Breadth-first search (BFS) is similar to DFS. Both algorithms give vertexes reachable from a given vertex. Unlike DFS though, BFS explores wide before going deep. In other words, the algorithm looks at each child before looking at any of the children's children. BFS (like DFS) maintains a set of visited vertexes.
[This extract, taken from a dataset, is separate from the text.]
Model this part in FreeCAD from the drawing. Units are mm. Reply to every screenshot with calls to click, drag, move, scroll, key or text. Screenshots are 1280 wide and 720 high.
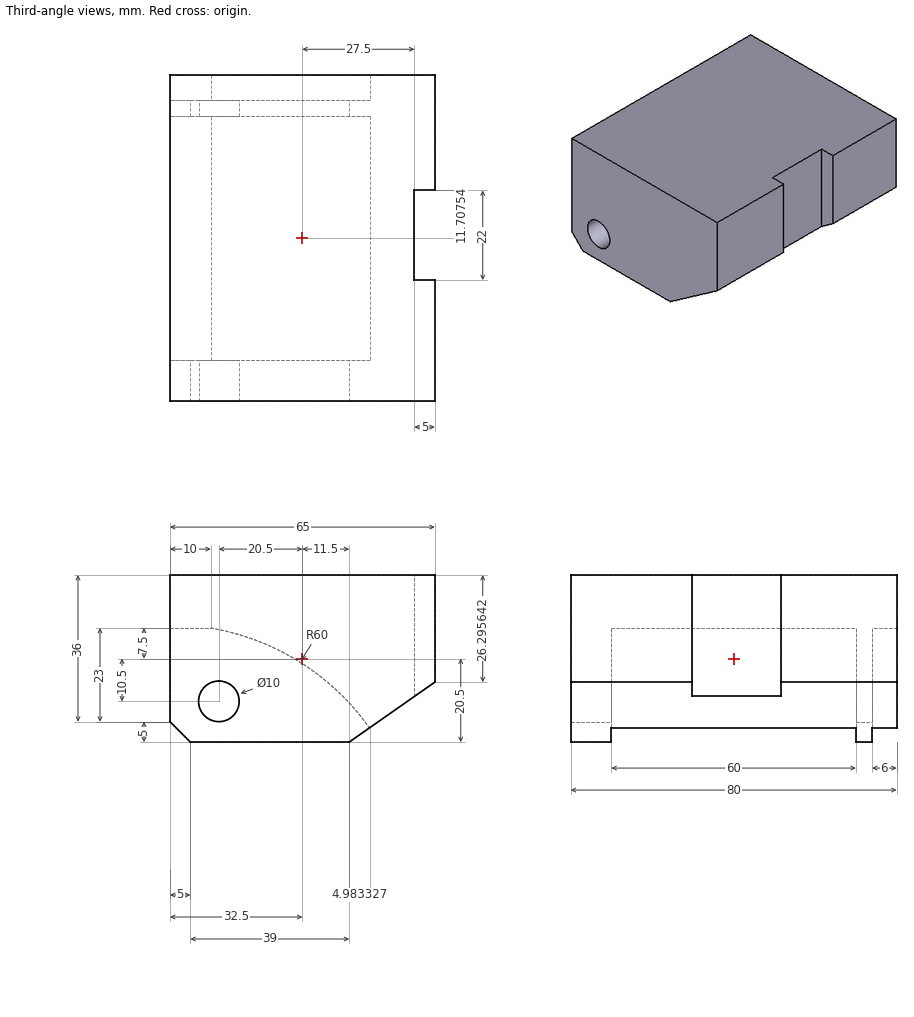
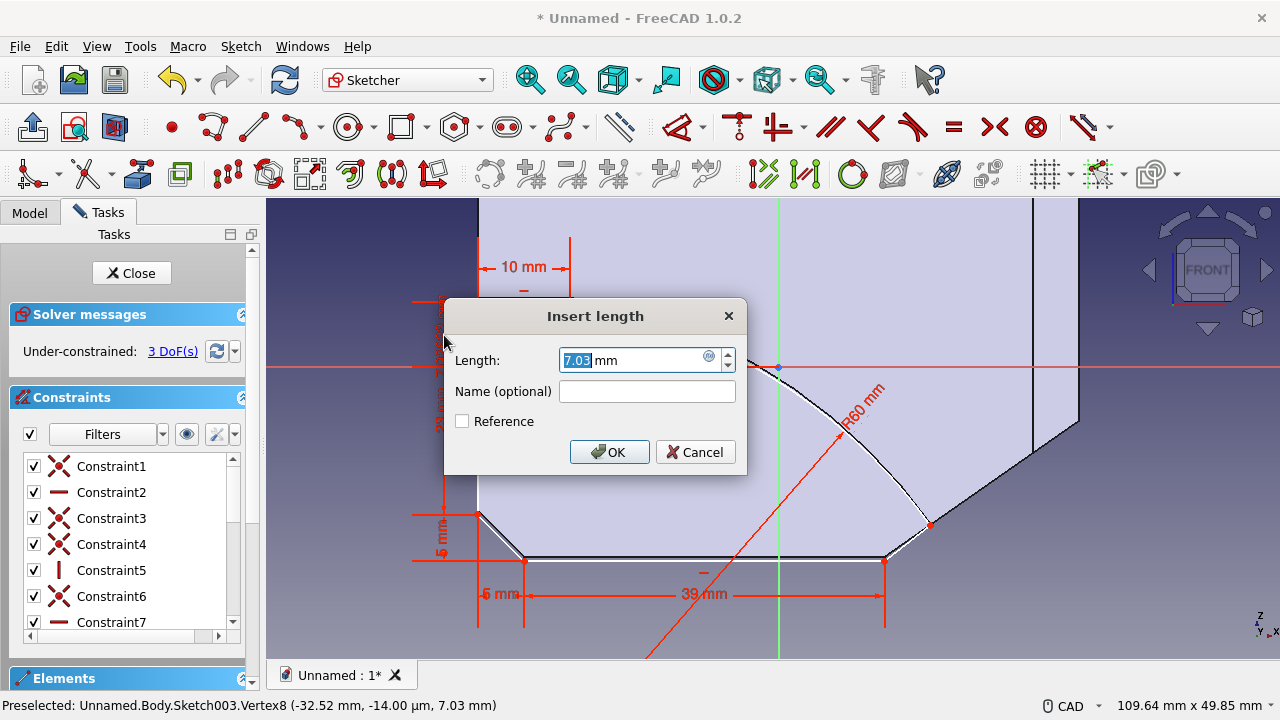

DFS and BFS can both be modified to find paths between vertexes. An advantage of BFS over DFS is that BFS is guaranteed to return the shortest path first.

Sample Code

def breadth_first_search(vertex):
    queue = [vertex]
    visited = set()
    while queue:
        current = queue.pop(0)
        if current not in visited:
            visited.add(current)
            queue.extend(vertex.neighbors)
    return visited

Note that to search an entire graph one would need to apply this function to each vertex in the graph.

TODO Glossary of Terms

Taken from Algorithms by Sedgewick and Wayne. See http://algs4.cs.princeton.edu/41graph/

  • A self-loop is an adge that connects a vertex to itself.
  • When an edge connects two vertices, we say that the vertices are adjacent to one another and that the edge is incident on both vertices.
  • The degree of a vertex is the number of edges incident to it.
  • A path in a graph is a sequence of vertices connected by edges.
  • A cycle is a path (with at least one edge) whose first and last vertices are the same.
  • We say that one vertex is connected to another if there exists a path that contains both of them.
  • A graph is connected if there is a path from every vertex to every other vertex.
  • An acyclic graph is a graph with no cycles.
  • A tree is a acyclic connected graph.
  • A forest is a disjoint set of trees.